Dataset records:

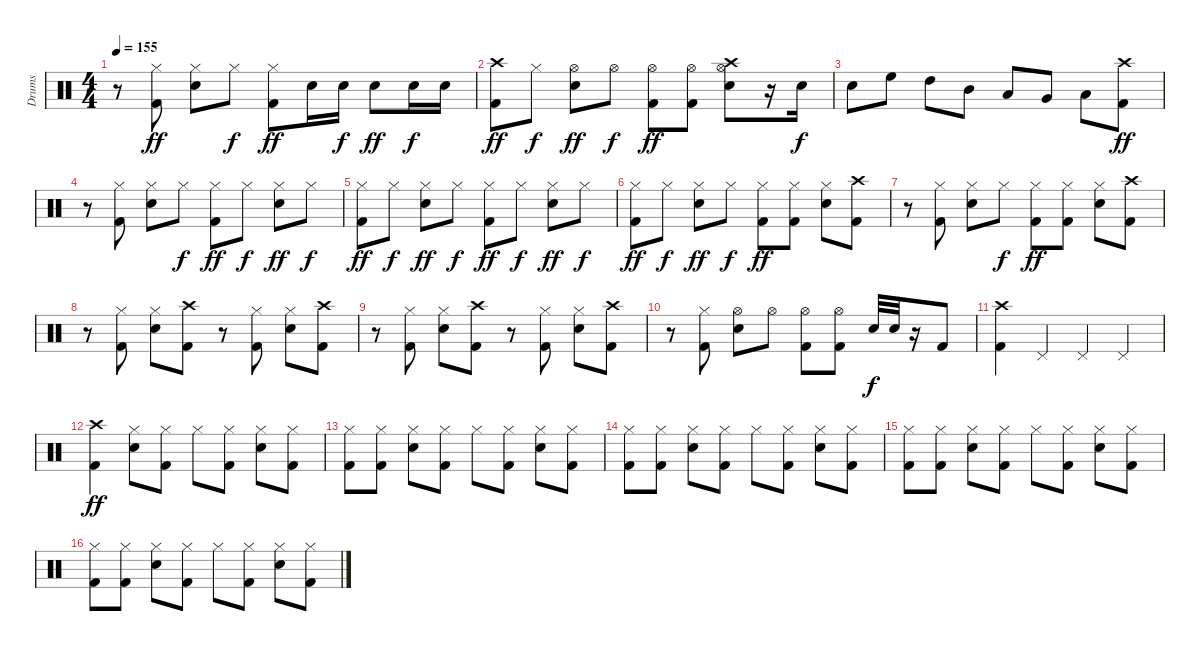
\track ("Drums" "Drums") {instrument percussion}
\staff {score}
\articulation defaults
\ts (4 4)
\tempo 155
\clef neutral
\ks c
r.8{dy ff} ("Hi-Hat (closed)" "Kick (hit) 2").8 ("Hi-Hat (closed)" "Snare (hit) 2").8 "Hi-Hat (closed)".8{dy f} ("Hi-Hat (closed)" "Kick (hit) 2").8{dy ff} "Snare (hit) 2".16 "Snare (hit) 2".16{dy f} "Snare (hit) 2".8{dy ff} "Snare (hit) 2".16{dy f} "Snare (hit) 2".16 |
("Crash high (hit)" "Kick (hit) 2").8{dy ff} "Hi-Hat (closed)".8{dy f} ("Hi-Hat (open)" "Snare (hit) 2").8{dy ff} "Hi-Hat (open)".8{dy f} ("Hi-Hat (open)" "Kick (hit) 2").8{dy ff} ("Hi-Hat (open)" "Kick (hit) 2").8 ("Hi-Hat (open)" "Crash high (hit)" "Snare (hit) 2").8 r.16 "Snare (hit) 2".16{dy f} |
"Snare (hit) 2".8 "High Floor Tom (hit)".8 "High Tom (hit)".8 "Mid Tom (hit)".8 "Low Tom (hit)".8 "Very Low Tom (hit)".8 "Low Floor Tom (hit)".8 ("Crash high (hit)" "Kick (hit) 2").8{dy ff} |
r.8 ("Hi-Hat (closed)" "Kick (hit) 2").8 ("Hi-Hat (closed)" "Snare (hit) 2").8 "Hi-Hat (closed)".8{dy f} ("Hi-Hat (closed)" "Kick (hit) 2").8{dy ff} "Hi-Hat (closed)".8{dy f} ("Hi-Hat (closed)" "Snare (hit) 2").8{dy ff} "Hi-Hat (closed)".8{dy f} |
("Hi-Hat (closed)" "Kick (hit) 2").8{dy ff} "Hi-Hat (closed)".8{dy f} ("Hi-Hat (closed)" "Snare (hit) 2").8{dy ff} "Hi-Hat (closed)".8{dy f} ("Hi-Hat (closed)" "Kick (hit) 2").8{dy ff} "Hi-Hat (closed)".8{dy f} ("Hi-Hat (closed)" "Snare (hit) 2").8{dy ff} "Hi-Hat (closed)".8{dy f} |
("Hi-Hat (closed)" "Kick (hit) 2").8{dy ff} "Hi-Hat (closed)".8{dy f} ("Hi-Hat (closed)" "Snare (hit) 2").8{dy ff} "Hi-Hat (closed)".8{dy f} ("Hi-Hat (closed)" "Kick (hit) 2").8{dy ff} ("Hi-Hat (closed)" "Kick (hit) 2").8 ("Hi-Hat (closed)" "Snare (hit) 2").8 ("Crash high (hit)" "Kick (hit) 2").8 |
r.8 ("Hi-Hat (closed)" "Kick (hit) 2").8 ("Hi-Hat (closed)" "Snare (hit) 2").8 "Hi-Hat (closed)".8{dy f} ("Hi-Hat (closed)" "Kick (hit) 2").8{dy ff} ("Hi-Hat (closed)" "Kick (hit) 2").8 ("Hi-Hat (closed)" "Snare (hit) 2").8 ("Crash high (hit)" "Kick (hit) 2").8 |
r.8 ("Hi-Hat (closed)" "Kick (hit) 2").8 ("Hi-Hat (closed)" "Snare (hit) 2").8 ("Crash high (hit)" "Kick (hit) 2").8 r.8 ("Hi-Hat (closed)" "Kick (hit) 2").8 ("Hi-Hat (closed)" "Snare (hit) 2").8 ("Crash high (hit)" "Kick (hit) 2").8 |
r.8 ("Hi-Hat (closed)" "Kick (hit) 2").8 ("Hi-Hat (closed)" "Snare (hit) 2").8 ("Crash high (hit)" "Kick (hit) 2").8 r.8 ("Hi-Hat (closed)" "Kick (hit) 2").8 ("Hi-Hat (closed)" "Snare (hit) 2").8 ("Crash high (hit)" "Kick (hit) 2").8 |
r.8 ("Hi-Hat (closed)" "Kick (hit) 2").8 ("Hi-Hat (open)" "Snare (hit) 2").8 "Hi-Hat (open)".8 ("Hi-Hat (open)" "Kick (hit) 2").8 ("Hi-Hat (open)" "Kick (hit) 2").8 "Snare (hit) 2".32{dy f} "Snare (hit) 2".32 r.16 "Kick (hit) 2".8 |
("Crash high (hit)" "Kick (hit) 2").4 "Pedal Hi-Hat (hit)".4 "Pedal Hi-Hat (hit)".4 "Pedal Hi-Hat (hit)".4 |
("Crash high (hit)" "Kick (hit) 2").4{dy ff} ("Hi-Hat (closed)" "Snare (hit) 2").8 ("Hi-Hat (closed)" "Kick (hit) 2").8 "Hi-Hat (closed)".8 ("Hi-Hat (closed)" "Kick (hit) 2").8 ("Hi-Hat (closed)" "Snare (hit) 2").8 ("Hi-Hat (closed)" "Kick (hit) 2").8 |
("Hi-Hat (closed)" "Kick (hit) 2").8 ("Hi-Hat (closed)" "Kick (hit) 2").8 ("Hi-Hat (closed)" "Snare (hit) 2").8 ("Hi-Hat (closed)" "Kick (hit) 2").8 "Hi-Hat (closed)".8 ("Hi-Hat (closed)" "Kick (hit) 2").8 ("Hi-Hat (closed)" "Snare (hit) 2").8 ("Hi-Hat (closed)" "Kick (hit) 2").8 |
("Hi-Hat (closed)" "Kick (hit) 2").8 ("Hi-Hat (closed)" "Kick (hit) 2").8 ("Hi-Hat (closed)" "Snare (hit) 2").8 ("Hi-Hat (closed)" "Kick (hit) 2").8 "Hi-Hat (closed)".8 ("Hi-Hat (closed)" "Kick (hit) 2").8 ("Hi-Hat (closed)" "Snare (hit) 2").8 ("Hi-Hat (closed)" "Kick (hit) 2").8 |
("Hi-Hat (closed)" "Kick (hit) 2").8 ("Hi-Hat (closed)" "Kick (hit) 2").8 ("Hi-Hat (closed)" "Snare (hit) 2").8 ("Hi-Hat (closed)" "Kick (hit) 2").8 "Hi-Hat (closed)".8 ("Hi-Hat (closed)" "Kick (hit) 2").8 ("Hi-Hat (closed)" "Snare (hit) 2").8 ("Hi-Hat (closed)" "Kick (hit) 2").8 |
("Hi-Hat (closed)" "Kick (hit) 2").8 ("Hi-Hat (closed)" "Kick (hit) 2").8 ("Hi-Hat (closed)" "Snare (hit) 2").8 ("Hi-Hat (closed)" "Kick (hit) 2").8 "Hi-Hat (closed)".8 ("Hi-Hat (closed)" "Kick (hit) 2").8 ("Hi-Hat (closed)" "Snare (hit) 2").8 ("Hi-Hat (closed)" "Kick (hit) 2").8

---

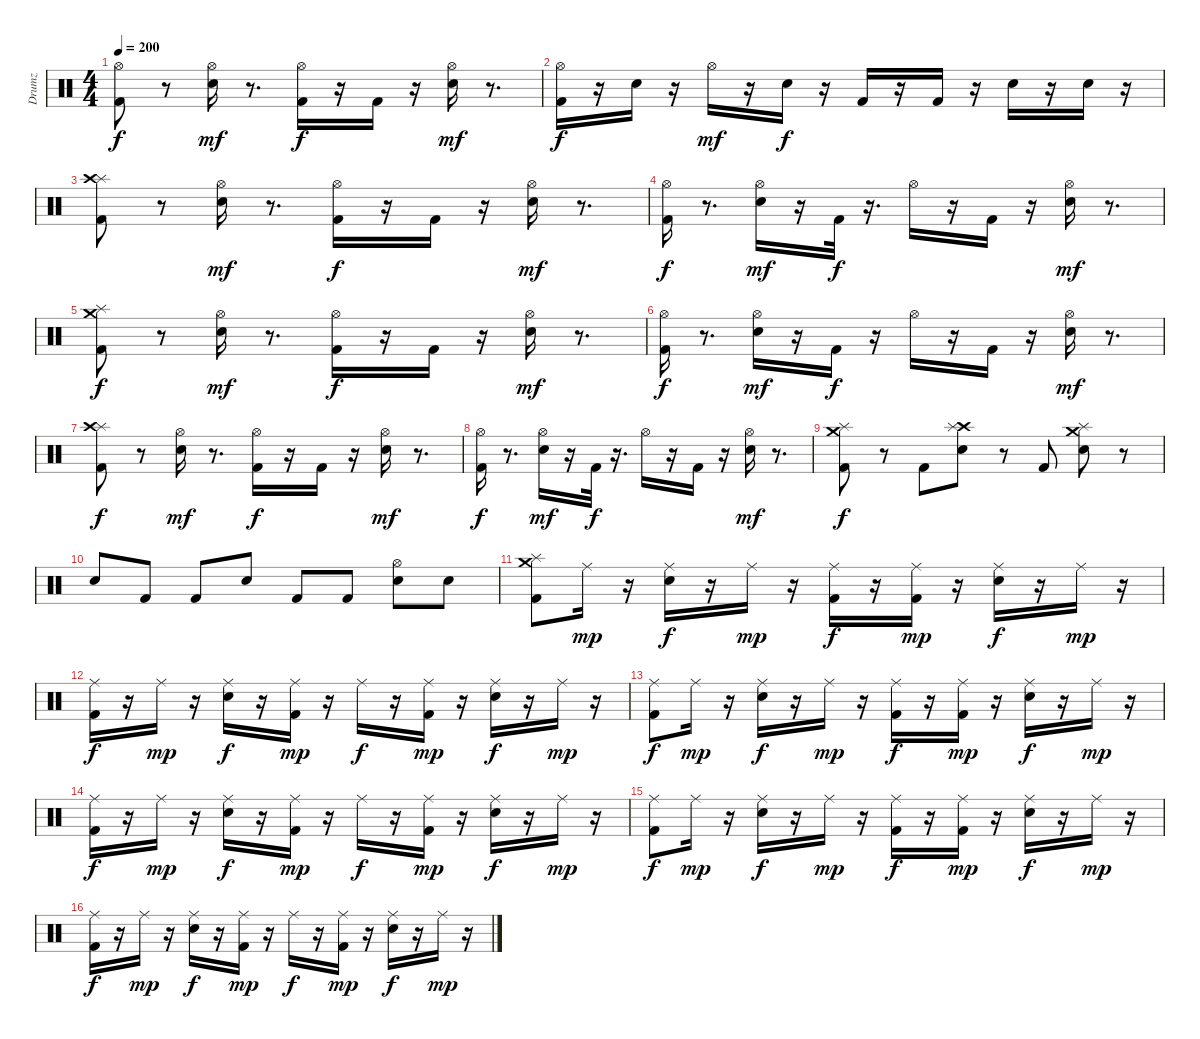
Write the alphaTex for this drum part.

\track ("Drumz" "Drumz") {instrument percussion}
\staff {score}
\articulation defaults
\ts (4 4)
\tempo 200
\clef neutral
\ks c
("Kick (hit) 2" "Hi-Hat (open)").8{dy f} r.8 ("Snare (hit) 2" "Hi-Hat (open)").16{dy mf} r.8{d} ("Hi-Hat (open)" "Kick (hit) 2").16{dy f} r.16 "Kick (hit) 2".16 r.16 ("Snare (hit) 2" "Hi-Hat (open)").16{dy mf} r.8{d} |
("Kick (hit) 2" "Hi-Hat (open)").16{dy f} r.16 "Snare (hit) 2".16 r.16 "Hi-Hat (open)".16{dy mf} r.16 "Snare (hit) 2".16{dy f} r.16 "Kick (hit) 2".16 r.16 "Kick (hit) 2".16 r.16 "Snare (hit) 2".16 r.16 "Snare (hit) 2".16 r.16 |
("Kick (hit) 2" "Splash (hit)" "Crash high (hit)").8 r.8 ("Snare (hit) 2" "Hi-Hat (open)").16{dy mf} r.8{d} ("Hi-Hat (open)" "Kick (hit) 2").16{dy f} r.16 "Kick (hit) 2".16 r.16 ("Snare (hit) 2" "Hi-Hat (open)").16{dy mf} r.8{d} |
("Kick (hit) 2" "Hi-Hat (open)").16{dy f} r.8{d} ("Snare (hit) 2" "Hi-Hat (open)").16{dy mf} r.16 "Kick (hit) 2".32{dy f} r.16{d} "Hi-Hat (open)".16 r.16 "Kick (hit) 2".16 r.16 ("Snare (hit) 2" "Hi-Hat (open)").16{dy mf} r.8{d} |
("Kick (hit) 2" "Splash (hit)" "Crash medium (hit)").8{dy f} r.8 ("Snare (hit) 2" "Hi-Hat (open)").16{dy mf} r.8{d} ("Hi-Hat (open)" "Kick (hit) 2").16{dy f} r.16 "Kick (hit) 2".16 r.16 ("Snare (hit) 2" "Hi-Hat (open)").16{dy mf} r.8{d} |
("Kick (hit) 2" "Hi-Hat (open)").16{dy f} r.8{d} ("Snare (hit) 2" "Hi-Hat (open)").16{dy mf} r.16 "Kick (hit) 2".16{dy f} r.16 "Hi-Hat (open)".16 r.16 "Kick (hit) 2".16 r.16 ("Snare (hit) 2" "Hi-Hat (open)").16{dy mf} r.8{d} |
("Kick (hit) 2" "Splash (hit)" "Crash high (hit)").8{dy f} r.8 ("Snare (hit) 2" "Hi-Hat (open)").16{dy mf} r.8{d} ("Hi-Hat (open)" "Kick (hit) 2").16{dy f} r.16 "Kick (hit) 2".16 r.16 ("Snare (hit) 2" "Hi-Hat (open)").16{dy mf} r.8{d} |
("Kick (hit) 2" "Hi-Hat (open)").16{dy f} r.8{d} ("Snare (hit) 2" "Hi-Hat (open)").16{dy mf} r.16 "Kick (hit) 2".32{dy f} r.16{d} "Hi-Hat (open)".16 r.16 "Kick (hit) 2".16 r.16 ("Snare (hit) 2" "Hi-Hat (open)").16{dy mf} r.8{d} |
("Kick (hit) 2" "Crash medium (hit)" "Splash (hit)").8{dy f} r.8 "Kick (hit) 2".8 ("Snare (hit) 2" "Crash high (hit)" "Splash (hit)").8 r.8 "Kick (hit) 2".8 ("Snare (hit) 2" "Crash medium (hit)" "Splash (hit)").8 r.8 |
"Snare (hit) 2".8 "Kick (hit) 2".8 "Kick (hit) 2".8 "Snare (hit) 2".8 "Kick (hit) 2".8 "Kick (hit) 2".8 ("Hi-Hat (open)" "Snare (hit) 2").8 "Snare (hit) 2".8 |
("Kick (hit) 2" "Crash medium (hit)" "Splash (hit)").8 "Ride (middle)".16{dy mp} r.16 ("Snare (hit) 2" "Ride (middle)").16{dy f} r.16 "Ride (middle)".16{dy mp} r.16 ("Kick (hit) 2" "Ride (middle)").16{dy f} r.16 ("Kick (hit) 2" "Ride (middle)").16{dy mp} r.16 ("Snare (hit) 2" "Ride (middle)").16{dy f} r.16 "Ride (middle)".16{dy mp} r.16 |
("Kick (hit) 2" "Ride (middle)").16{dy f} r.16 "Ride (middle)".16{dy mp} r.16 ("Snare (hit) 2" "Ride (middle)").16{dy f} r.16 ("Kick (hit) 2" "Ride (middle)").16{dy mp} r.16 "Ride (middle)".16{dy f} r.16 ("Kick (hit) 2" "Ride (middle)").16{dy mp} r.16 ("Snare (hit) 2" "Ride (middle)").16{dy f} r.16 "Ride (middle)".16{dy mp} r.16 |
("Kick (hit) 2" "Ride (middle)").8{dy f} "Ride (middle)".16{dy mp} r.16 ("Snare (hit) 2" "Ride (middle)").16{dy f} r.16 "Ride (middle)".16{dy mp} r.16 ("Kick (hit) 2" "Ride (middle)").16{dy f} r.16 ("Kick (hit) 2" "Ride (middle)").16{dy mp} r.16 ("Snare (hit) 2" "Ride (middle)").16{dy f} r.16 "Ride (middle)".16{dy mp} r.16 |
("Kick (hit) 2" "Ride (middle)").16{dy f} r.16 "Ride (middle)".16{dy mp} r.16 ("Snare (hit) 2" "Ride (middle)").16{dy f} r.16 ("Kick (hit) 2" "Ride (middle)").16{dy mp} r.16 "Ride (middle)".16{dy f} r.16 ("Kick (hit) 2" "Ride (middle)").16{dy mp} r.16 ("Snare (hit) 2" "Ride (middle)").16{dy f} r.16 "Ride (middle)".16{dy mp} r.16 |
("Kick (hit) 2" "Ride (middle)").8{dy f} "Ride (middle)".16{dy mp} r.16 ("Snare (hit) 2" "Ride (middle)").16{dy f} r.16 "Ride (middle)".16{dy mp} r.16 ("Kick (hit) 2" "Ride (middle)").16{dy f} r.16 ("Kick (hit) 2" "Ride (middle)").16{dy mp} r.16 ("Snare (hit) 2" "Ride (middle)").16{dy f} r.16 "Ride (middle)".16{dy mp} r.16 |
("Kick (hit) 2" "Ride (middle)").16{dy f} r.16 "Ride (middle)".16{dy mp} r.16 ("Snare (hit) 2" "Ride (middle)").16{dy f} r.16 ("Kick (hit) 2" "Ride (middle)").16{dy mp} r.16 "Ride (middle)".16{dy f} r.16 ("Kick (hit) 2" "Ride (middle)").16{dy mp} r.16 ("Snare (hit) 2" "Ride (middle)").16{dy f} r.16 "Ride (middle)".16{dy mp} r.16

...

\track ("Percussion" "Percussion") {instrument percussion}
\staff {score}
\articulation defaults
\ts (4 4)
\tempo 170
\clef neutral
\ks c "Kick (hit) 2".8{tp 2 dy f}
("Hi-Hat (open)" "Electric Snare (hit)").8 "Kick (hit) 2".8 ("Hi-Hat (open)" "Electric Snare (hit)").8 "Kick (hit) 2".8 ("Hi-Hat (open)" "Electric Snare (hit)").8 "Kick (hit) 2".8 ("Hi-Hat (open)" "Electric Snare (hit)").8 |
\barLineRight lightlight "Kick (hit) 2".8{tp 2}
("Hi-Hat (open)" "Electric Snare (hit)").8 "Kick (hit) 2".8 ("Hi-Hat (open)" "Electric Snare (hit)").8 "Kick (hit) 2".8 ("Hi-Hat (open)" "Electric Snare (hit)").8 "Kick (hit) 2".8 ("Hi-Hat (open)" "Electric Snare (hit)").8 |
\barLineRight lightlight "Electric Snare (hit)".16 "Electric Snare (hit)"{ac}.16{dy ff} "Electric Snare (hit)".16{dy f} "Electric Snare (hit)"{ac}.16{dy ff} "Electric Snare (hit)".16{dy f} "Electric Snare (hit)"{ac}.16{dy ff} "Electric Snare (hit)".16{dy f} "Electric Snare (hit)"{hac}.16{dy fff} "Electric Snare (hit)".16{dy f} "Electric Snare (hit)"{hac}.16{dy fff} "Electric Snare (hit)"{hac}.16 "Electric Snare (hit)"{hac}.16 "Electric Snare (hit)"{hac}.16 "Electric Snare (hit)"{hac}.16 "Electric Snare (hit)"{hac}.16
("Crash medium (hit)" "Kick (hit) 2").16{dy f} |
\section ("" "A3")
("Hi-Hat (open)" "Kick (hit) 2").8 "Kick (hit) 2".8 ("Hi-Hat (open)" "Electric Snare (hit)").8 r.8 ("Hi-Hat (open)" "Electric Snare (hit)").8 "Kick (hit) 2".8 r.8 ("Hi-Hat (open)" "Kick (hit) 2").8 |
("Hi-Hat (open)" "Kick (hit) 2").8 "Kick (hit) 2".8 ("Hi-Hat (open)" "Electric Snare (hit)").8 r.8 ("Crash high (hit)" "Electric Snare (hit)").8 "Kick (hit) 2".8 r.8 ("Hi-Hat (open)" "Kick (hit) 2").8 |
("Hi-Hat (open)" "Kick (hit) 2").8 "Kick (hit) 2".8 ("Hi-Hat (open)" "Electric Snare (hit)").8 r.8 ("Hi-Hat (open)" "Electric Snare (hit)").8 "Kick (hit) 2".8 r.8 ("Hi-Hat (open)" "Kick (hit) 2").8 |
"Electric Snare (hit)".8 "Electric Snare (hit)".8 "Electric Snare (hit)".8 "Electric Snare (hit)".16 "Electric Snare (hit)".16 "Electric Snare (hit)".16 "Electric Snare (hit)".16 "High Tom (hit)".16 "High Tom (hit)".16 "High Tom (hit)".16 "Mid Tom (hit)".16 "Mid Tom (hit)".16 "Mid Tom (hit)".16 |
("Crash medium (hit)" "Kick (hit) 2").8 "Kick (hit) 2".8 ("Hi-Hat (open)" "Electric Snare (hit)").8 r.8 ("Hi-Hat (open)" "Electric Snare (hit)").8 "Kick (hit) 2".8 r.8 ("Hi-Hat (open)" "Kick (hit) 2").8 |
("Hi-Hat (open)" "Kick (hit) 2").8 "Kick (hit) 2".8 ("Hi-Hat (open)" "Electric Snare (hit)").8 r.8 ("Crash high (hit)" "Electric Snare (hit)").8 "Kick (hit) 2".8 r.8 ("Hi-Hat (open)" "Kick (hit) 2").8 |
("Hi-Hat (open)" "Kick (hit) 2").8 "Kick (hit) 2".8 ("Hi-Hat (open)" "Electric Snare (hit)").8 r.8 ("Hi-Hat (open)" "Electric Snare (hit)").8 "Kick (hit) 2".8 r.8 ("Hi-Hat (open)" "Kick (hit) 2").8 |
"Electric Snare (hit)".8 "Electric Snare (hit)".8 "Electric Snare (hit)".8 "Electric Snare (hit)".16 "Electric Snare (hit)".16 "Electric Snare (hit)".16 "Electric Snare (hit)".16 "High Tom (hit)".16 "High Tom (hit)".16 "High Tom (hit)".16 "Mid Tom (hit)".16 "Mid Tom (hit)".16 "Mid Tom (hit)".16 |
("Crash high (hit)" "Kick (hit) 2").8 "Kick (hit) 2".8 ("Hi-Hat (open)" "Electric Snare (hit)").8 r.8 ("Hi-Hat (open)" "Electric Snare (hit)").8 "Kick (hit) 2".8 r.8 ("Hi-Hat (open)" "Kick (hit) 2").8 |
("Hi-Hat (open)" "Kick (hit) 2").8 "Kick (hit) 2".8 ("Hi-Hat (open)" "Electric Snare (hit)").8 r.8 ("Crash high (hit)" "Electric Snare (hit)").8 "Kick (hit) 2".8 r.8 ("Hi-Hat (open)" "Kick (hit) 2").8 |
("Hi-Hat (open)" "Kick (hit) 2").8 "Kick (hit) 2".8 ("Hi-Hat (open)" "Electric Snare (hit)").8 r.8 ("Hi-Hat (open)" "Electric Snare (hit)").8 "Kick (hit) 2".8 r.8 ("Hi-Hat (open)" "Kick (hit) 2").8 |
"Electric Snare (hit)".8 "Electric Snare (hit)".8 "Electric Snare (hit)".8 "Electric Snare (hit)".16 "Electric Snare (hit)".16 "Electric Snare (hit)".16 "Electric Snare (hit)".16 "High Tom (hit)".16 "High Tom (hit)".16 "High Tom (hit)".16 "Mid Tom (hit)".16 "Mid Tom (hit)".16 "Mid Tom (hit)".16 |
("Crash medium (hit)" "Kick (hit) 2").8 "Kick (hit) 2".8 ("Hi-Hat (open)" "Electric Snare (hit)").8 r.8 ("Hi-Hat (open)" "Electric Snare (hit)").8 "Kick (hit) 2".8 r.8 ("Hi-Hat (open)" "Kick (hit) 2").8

Your objective: Return, from the data above, each line in which the string "instrument" appears.

Expected output:
\track ("Drums" "Drums") {instrument percussion}
\track ("Drumz" "Drumz") {instrument percussion}
\track ("Percussion" "Percussion") {instrument percussion}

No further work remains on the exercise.